- Data for analysis
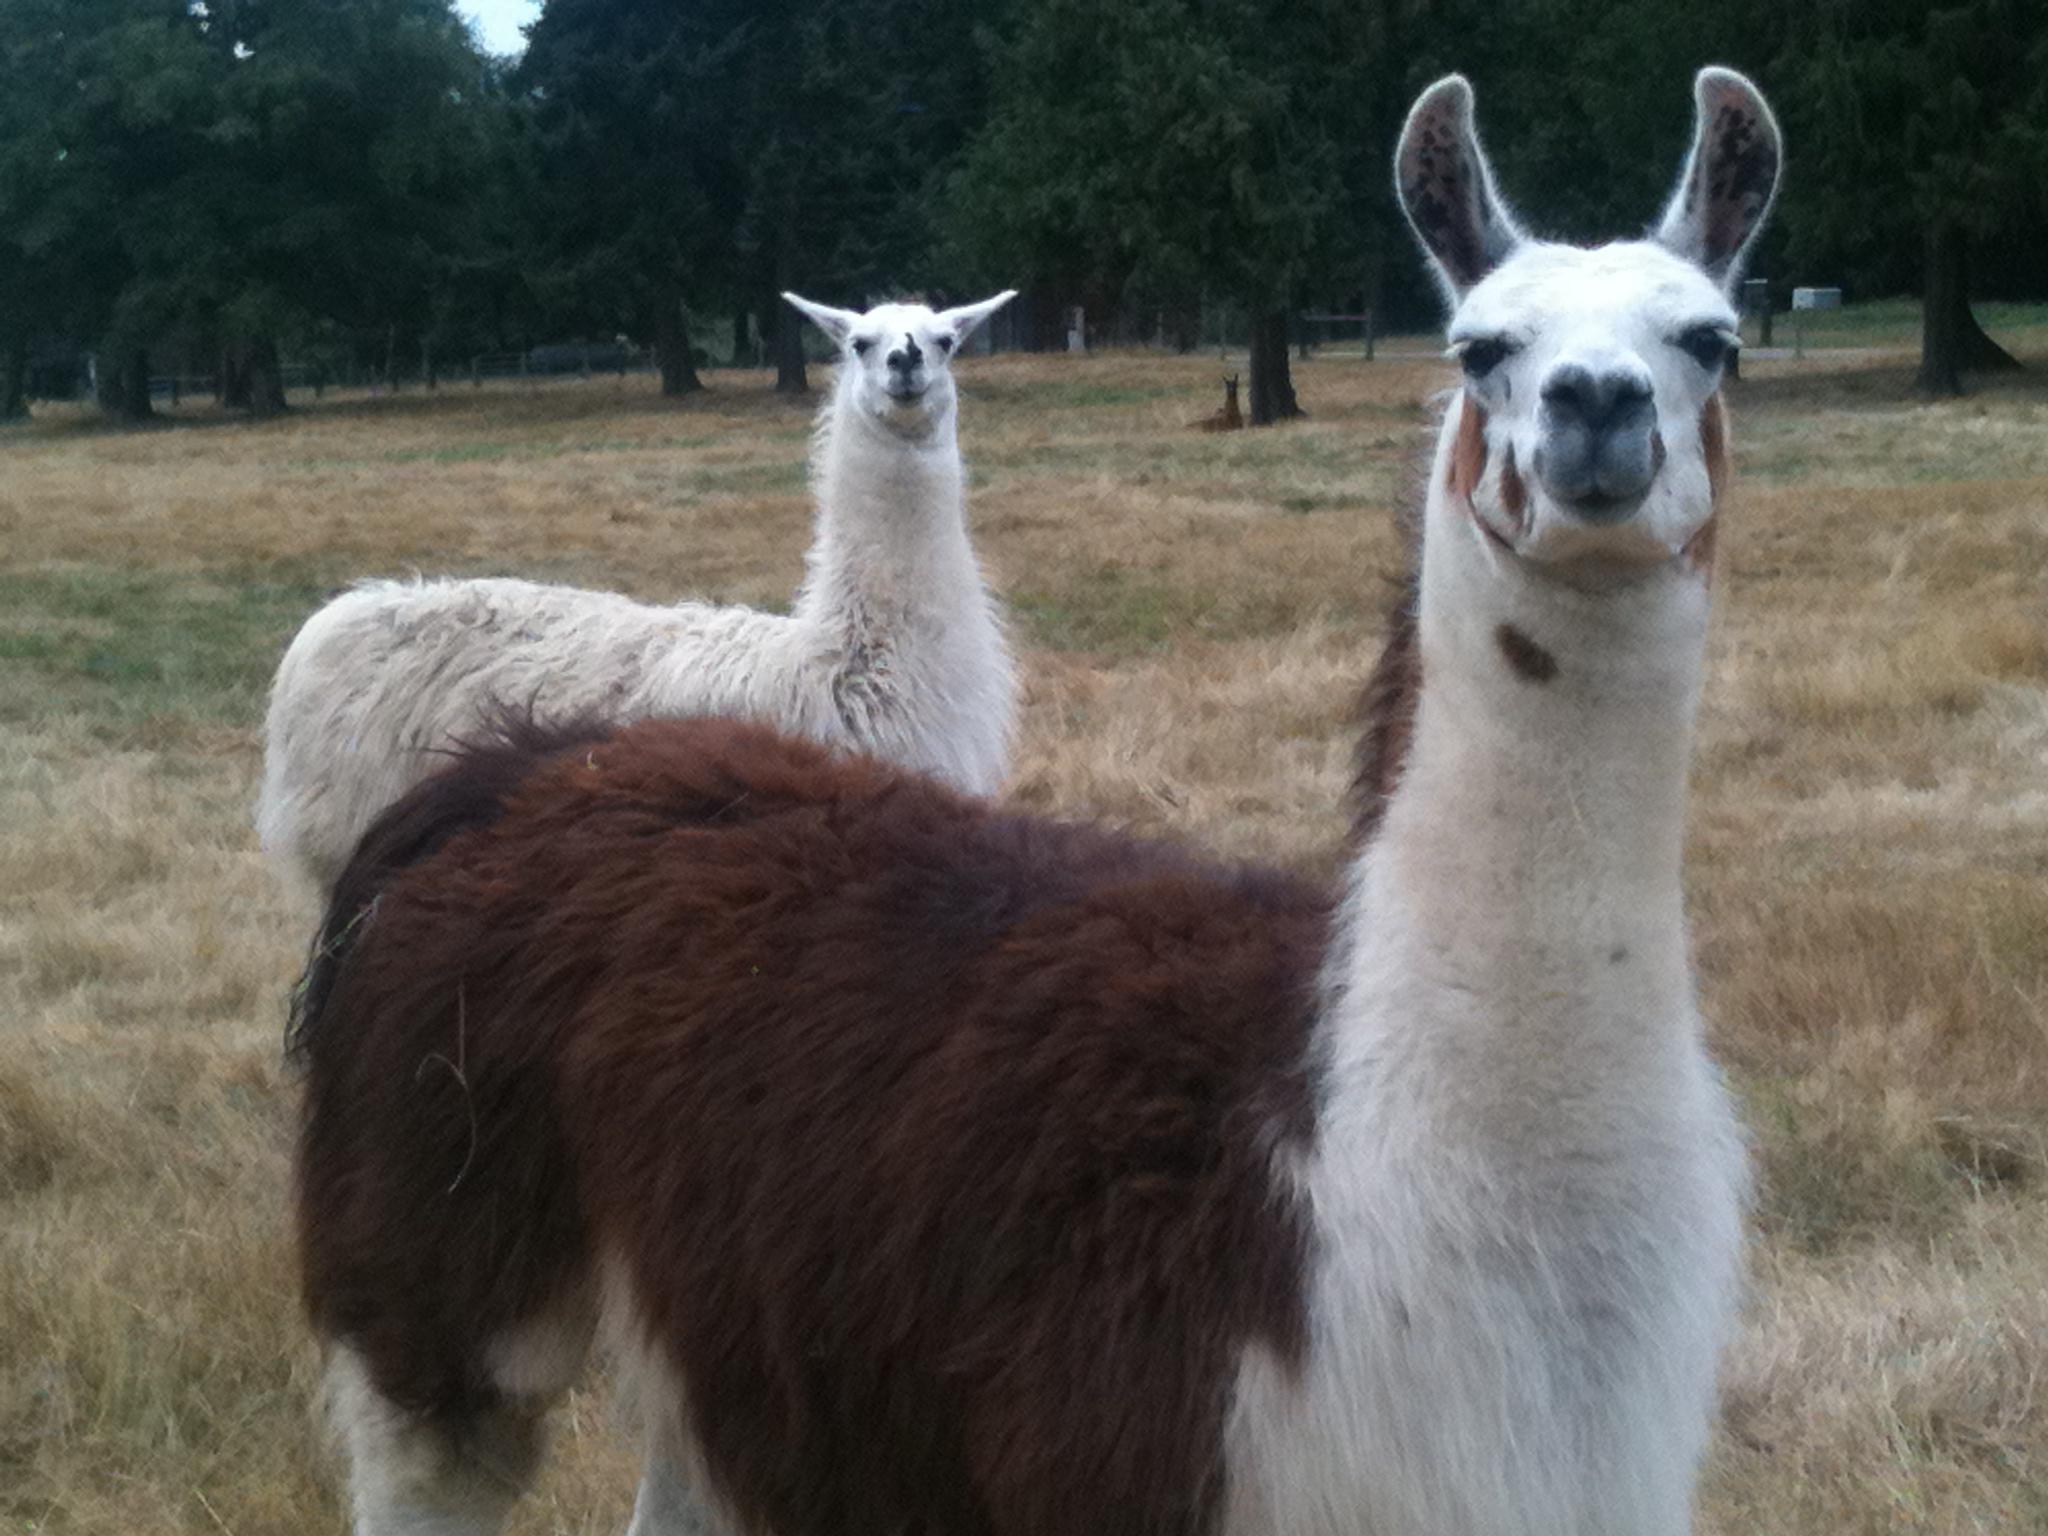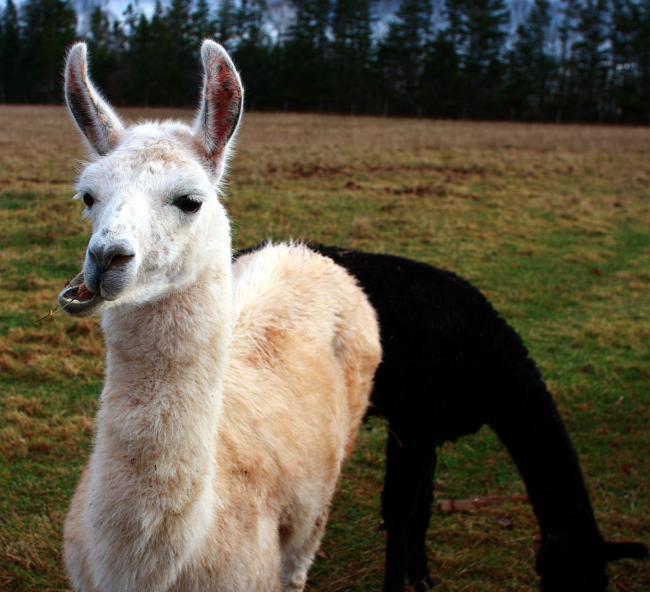The first image is the image on the left, the second image is the image on the right. Evaluate the accuracy of this statement regarding the images: "In at least one image there is a brown adult lama next to its black and white baby lama.". Is it true? Answer yes or no. No. The first image is the image on the left, the second image is the image on the right. Evaluate the accuracy of this statement regarding the images: "In one of the images, two llamas are looking at the camera.". Is it true? Answer yes or no. Yes. 
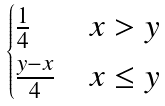Convert formula to latex. <formula><loc_0><loc_0><loc_500><loc_500>\begin{cases} \frac { 1 } { 4 } & x > y \\ \frac { y - x } { 4 } & x \leq y \end{cases}</formula> 
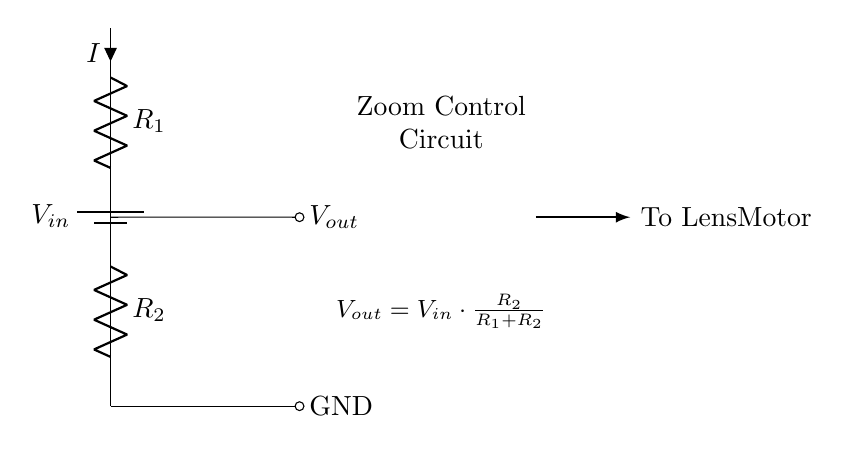What is the input voltage for this circuit? The input voltage is represented as V in the circuit diagram. It is the voltage supplied from the battery at the top of the circuit.
Answer: V in What are the resistance values in the circuit? The circuit shows two resistors, labeled R1 and R2. The values of these resistors are not specified, but they are necessary components for the voltage divider to function properly.
Answer: R1, R2 What is the output voltage formula for this circuit? The output voltage is given by the formula V out = V in multiplied by R2 divided by the sum of R1 and R2. This relationship indicates how the output voltage is derived from the input voltage based on the resistance values.
Answer: V out = V in * (R2 / (R1 + R2)) What happens to the output voltage if R1 increases? If R1 increases, the output voltage V out will decrease according to the voltage divider formula, because the larger resistance will take a greater share of the total voltage drop.
Answer: Decreases What does the output voltage control in this circuit? The output voltage in this circuit is used to control the motor of the camera lens, indicating that it adjusts the zoom mechanism. This connection is represented by the line leading to the lens motor in the diagram.
Answer: Lens motor What is the effect of decreasing R2 on output voltage? Decreasing R2 would result in a reduction of output voltage V out, as the output voltage is directly proportional to R2. This change affects how much voltage is available to drive the lens motor.
Answer: Decreases

- Assignment
Output only the lines running from the top of the data above to the line with "Answer: V out", inclusive, word for word and without pictures.

- Reply to the task
The first image is the image on the left, the second image is the image on the right. Evaluate the accuracy of this statement regarding the images: "In at least one image there is a brown adult lama next to its black and white baby lama.". Is it true? Answer yes or no. No. The first image is the image on the left, the second image is the image on the right. Evaluate the accuracy of this statement regarding the images: "In one of the images, two llamas are looking at the camera.". Is it true? Answer yes or no. Yes. 
Convert formula to latex. <formula><loc_0><loc_0><loc_500><loc_500>\begin{cases} \frac { 1 } { 4 } & x > y \\ \frac { y - x } { 4 } & x \leq y \end{cases}</formula> 
What is the input voltage for this circuit? The input voltage is represented as V in the circuit diagram. It is the voltage supplied from the battery at the top of the circuit.
Answer: V in What are the resistance values in the circuit? The circuit shows two resistors, labeled R1 and R2. The values of these resistors are not specified, but they are necessary components for the voltage divider to function properly.
Answer: R1, R2 What is the output voltage formula for this circuit? The output voltage is given by the formula V out = V in multiplied by R2 divided by the sum of R1 and R2. This relationship indicates how the output voltage is derived from the input voltage based on the resistance values.
Answer: V out = V in * (R2 / (R1 + R2)) What happens to the output voltage if R1 increases? If R1 increases, the output voltage V out will decrease according to the voltage divider formula, because the larger resistance will take a greater share of the total voltage drop.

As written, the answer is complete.